Mónica, con un brillo codicioso en la mirada, se inclinó hacia adelante.
—¿Y el mantenimiento de por vida?
Tragué la risa que intentó salir y le respondí con seriedad.
—No quiero darle falsas esperanzas. La manutención de por vida no será posible, ya que la otra parte tiene sus propios argumentos, y bastante sólidos. Lo que sí podemos conseguir es una compensación adecuada; eso será suficiente para que no se vaya sin nada.
—¡¿Como?¡ ¿Solo una compensación miserable? Bueno, yo realmente quería contratar al señor Virchow —respondió, haciendo un puchero y entrelazando los dedos como si fuera a rogarle al cielo—. Con su experiencia y sus contactos, una pensión estaría asegurada, pero como está tan ocupado, él mismo me recomendó que viniera a ti. Espero no haberme dejado convencer en vano.
Me costó mantener la sonrisa en su sitio mientras mi mente explotaba: ¡Esta muñeca de silicona, criada en los excesos, todavía quiere presumir de la vida que no le pertenece! No necesitaba informarme de los horarios de Virchow; no era su caso. Los precios de sus servicios duplicaban los míos y solo trataba con peces tan gordos que hasta sus billeteras necesitaban dietas. A esta Mónica no parecía molestarle que, con su actitud y sus escándalos, lo único que le deparaba el futuro era terminar en brazos de un banquero con pelo canoso. Era aún joven y, sí, atractiva, pero lo suficientemente imprudente como para arriesgarse a que el glamour que ahora la protegía, fuera a quedar tan manchado como su apellido.

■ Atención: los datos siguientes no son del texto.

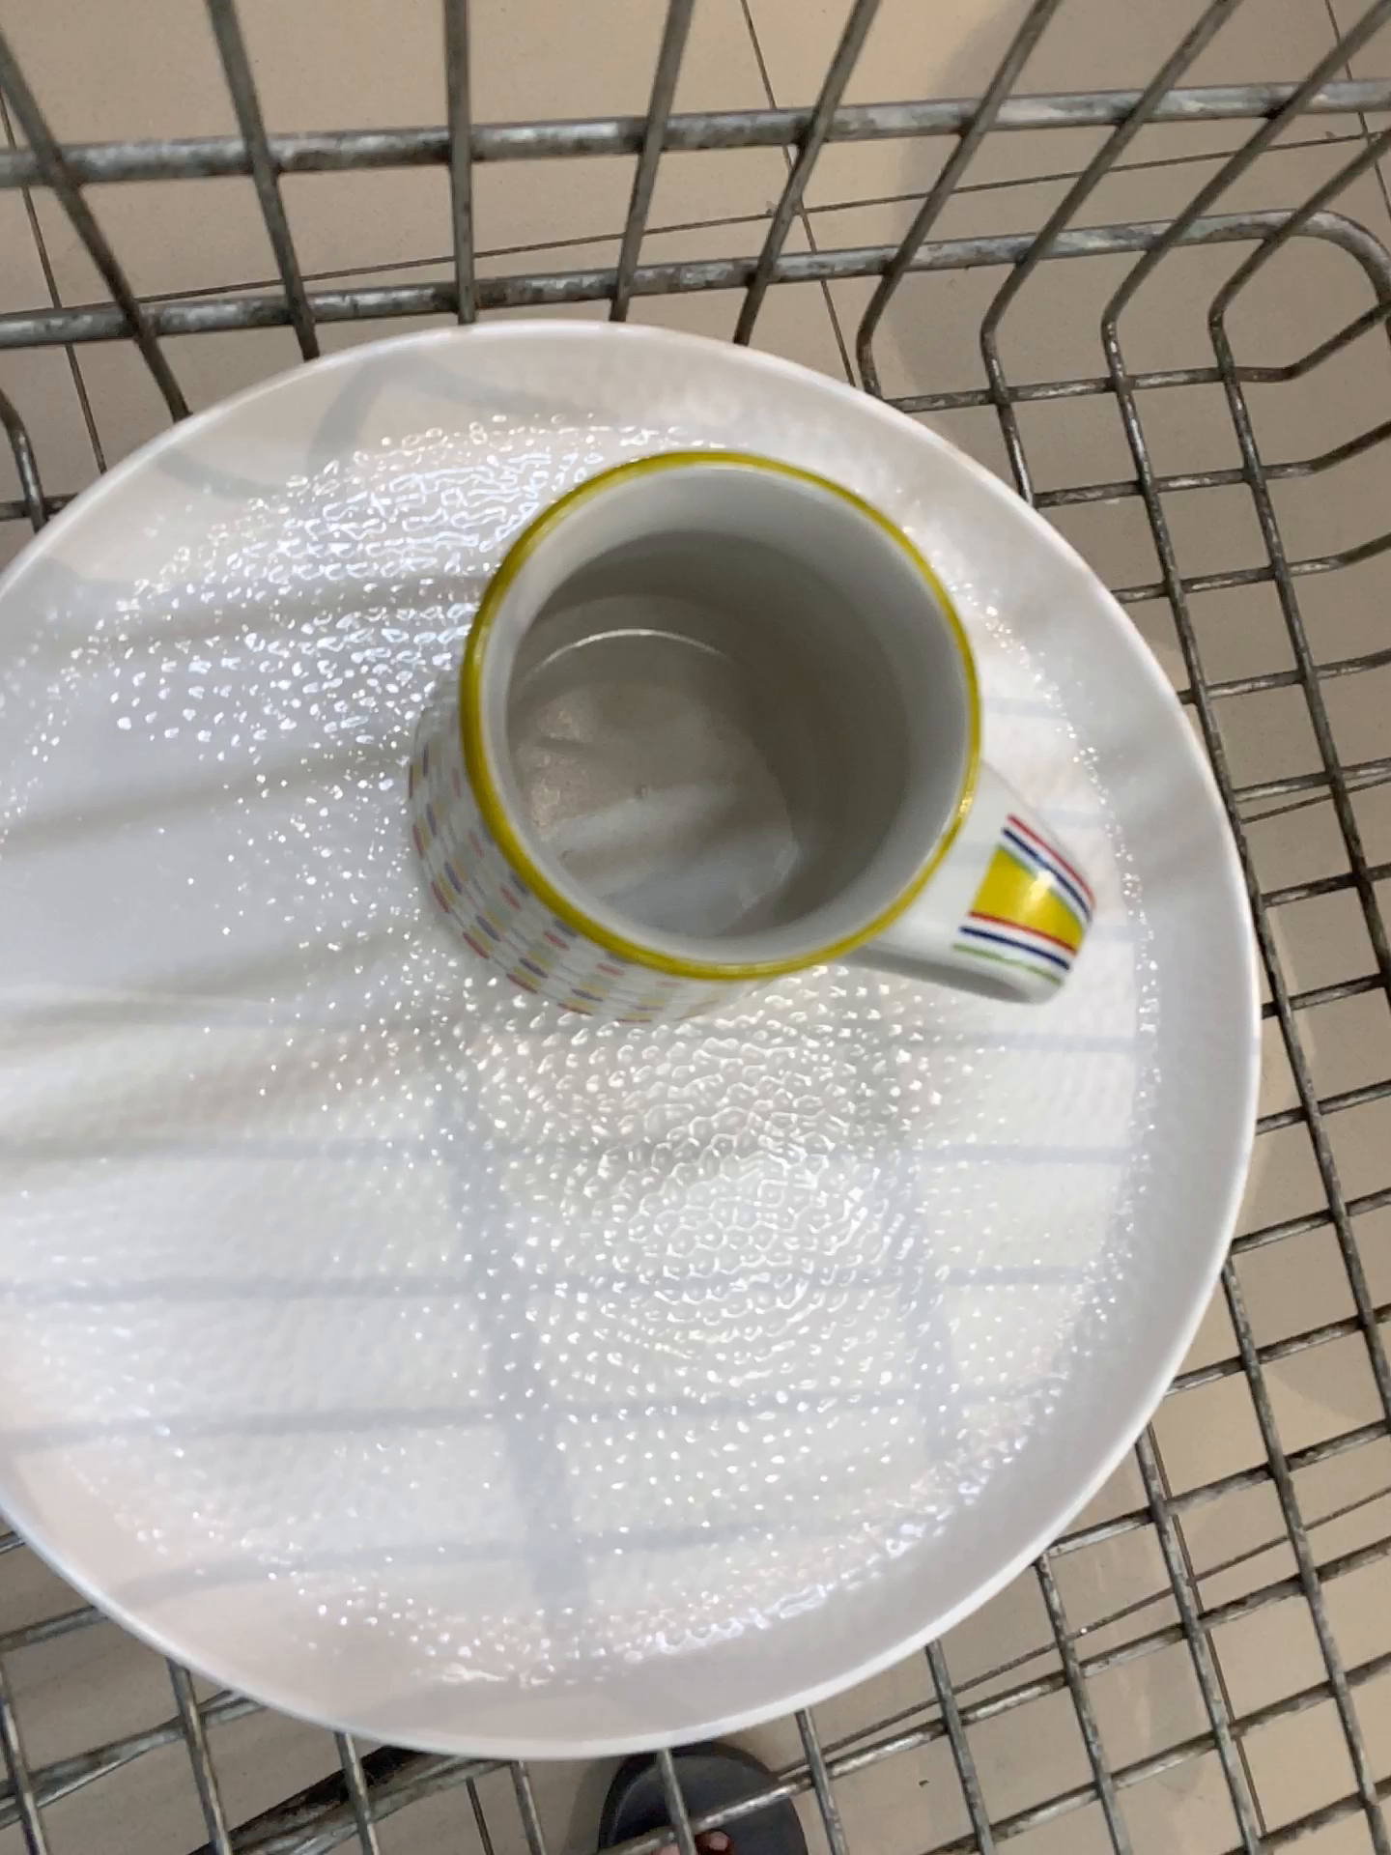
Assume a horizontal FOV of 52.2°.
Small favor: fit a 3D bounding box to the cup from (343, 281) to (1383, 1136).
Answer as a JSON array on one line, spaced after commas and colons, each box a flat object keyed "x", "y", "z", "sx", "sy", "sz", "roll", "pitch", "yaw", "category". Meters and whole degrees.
[{"x": 0.015, "y": -0.019, "z": 0.216, "sx": 0.120, "sy": 0.100, "sz": 0.080, "roll": 9, "pitch": 83, "yaw": -14, "category": "cup"}]

—Mi experiencia me permite asegurarle que logrará una compensación justa. Además, el señor Virchow y yo mantenemos comunicación constante sobre cada uno de los pasos que vamos a dar.
Por dentro, pensaba: Virchow debe de estar partiéndose de la risa al imaginarte a ti en cualquier juzgado. Si hasta el nombre de Claude lo llevas puesto como un accesorio de diseñador...
—Mañana presentaremos una contrademanda y se la enviaremos a su marido —me levanté y le di una sonrisa concluyente, indicando que nuestra reunión había terminado—. Le contactaré en cuanto tenga novedades.
Mónica bufó y salió de la oficina dejando una ráfaga de perfume caro y desdén. Aliviada, me dejé caer en mi silla, moví el ratón para reactivar la pantalla y allí estaba la foto de León Marchand, el abogado del otro lado del conflicto, con su sonrisa a lo príncipe azul. “Guapo, el canalla,” pensé, y cerré la foto de inmediato para ponerme a trabajar en el caso.
Pasé la tarde reorganizando el archivo, redactando la contrademanda y revisando cada detalle del contrato prenupcial de los Claude.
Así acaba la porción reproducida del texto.